Hi Scott,
Le Mon, 16 Mar 2015 16:30:29 -0500, Scott Wood
<scottw...@freescale.com> a écrit :
> On Sat, 2015-03-14 at 15:27 +0100, Albert ARIBAUD wrote:
> > Bonjour Scott,
> >
> > Le Fri, 13 Mar 2015 16:57:33 -0500, Scott Wood
> > <scottw...@freescale.com> a écrit :
> >
> > > On Fri, 2015-03-13 at 09:04 +0100, Albert ARIBAUD (3ADEV) wrote:
> > > > + /* go through all four small pages */
> > > > + for (i = 0; i < 4; i++) {
> > > > + /* start auto decode (reads 528 NAND bytes) */
> > > > + writel(0,
> > > > &lpc32xx_nand_mlc_registers->ecc_auto_dec_reg);
> > > > + /* wait for controller to return to ready state */
> > > > + timeout = LPC32X_NAND_TIMEOUT;
> > > > + do {
> > > > + if (timeout-- == 0)
> > > > + return -1;
> > > > + status =
> > > > readl(&lpc32xx_nand_mlc_registers->isr);
> > > > + } while (!(status & ISR_CONTROLLER_READY));
> > >
> > > How much time does 10000 reads of this register equate to? Are you sure
> > > it's enough? Timeouts should generally be in terms of time, not loop
> > > iterations.
> >
> > I followed the examples in several drivers where timeouts are by
> > iteration. Note that -- while this does not void your point -- I did
> > not use 10000 but 100000, which at a CPU clock of 208 MHz, and assuming
> > an optimistic one instruction per cycle and two instructions per loop,
> > makes the loop last at least 960 us, well over the 600 us which the
> > NAND takes for any page programming.
>
> What if this driver ends up being used on hardware that runs
> significantly faster than 208 MHz? I could understand if it's hugely
> space-constrained SPL code (like the ones that have to fit in 4K), but
> otherwise why not make use of the timekeeping code that exists in U-Boot
> (either by reading the timer, or by putting udelay(1) in the loop body)?
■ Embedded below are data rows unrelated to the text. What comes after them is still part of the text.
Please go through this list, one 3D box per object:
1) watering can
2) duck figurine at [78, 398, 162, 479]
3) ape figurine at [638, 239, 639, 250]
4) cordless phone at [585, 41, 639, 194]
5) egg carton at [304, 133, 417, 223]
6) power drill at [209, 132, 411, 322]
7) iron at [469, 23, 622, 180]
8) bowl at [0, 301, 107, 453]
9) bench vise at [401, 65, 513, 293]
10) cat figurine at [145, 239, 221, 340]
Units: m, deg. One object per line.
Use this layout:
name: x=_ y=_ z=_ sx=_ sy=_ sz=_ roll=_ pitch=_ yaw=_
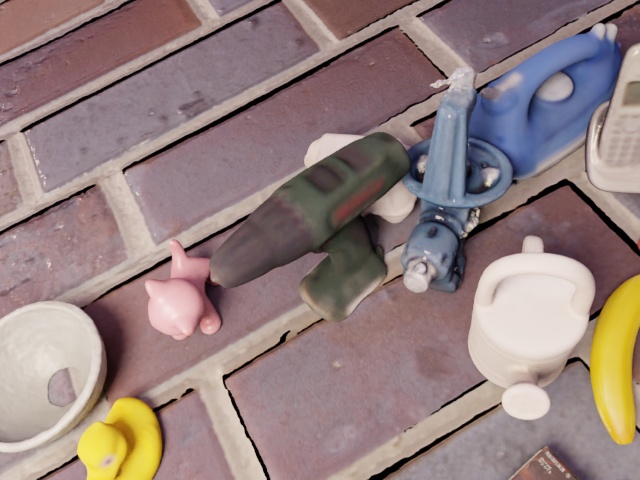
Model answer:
watering can: x=0.193 y=0.073 z=0.524 sx=0.101 sy=0.194 sz=0.172 roll=-13 pitch=59 yaw=4
duck figurine: x=-0.213 y=0.211 z=0.592 sx=0.077 sy=0.086 sz=0.104 roll=-4 pitch=60 yaw=9
ape figurine: x=0.376 y=-0.014 z=0.595 sx=0.078 sy=0.092 sz=0.076 roll=-19 pitch=59 yaw=1
cordless phone: x=0.370 y=-0.132 z=0.609 sx=0.147 sy=0.185 sz=0.094 roll=-1 pitch=61 yaw=11
egg carton: x=0.049 y=-0.076 z=0.710 sx=0.150 sy=0.069 sz=0.107 roll=6 pitch=62 yaw=15
power drill: x=0.005 y=0.002 z=0.594 sx=0.075 sy=0.209 sz=0.230 roll=38 pitch=74 yaw=27
iron: x=0.279 y=-0.186 z=0.683 sx=0.258 sy=0.142 sz=0.118 roll=-34 pitch=60 yaw=-8
bowl: x=-0.309 y=0.158 z=0.648 sx=0.167 sy=0.075 sz=0.167 roll=-5 pitch=60 yaw=9
bench vise: x=0.141 y=-0.053 z=0.590 sx=0.121 sy=0.220 sz=0.207 roll=-1 pitch=61 yaw=11
cat figurine: x=-0.158 y=0.060 z=0.648 sx=0.067 sy=0.118 sz=0.127 roll=-10 pitch=59 yaw=6
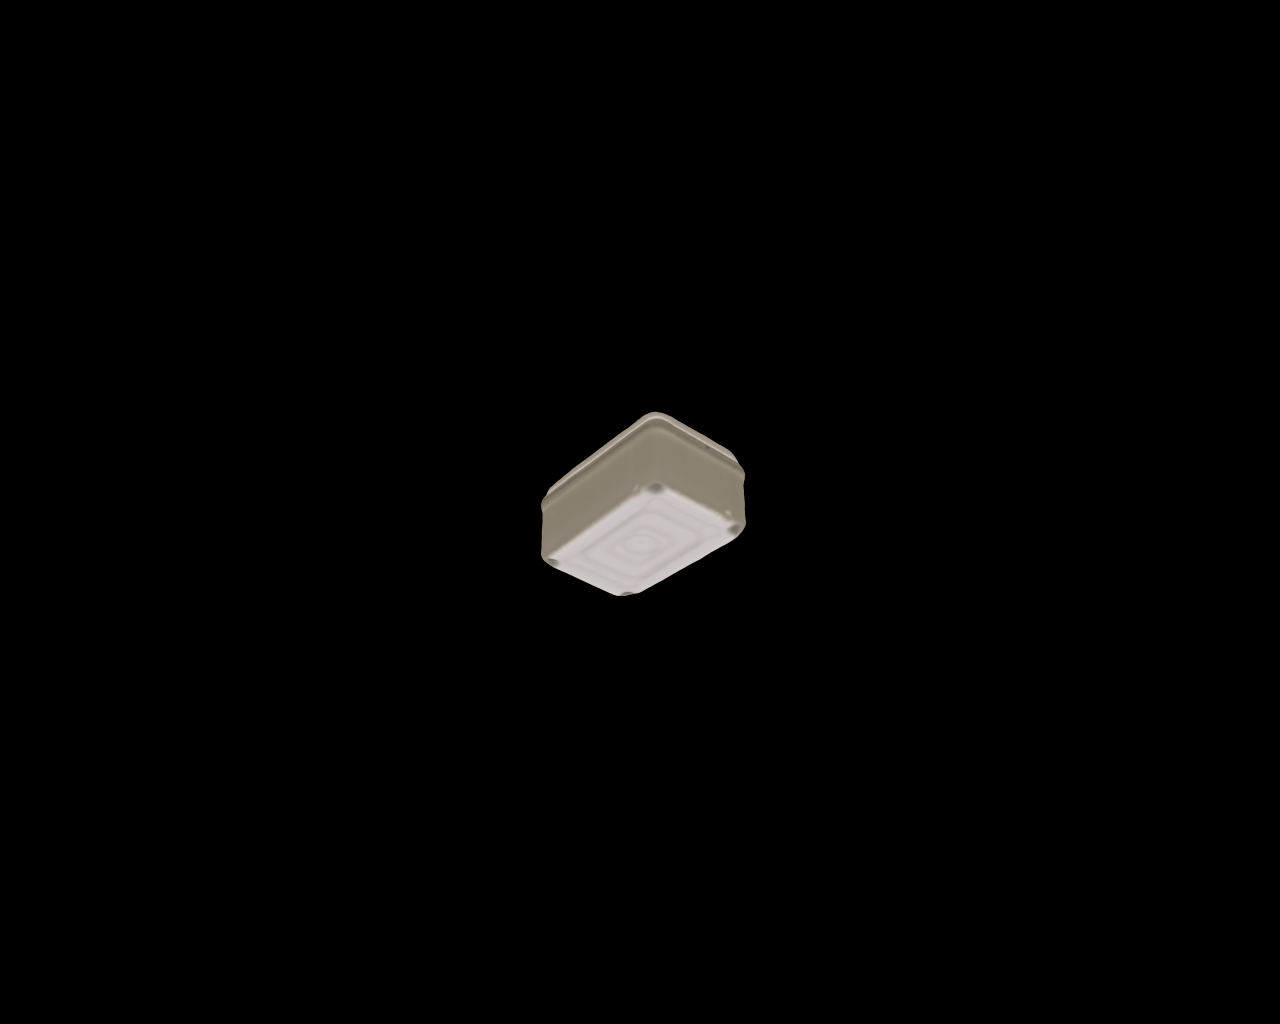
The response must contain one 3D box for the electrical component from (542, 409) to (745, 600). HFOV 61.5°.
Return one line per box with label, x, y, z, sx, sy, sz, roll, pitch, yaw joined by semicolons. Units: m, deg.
electrical component;0.001;-0.003;0.650;0.078;0.057;0.113;27;-44;-33

The udelay(1) in the loop is ok with me -- I'll put it in v6.
> > > > +#define LARGE_PAGE_SIZE 2048
> > > > +
> > > > +int nand_spl_load_image(uint32_t offs, unsigned int size, void *dst)
> > > > +{
> > > > + struct lpc32xx_oob oob;
> > > > + unsigned int page = offs / LARGE_PAGE_SIZE;
> > > > + unsigned int left = DIV_ROUND_UP(size, LARGE_PAGE_SIZE);
> > > > +
> > > > + while (left) {
> > > > + int res = read_single_page(dst, page, &oob);
> > > > + page++;
> > > > + /* if read succeeded, even if fixed by ECC */
> > > > + if (res >= 0) {
> > > > + /* skip bad block */
> > > > + if (oob.free[0].free_oob_bytes[0] != 0xff)
> > > > + continue;
> > > > + if (oob.free[0].free_oob_bytes[1] != 0xff)
> > > > + continue;
> > > > + /* page is good, keep it */
> > > > + dst += LARGE_PAGE_SIZE;
> > > > + left--;
> > > > + }
> > >
> > > You should be checking the designated page(s) of the block, rather than
> > > the current page, for the bad block markers -- and skipping the entire
> > > block if it's bad.
> >
> > Will fix this -- is there any helper function in the bad block
> > management code for this? I could not find one, but I'm no NAND expert.
>
> I don't know of any such helper -- outside of SPL it's handled via the
> BBT. fsl_ifc_spl.c is an example that checks for bad block markers, but
> it's hardcoded to assume the first two pages of a block which is a bit
> simpler than checking at the end of the block.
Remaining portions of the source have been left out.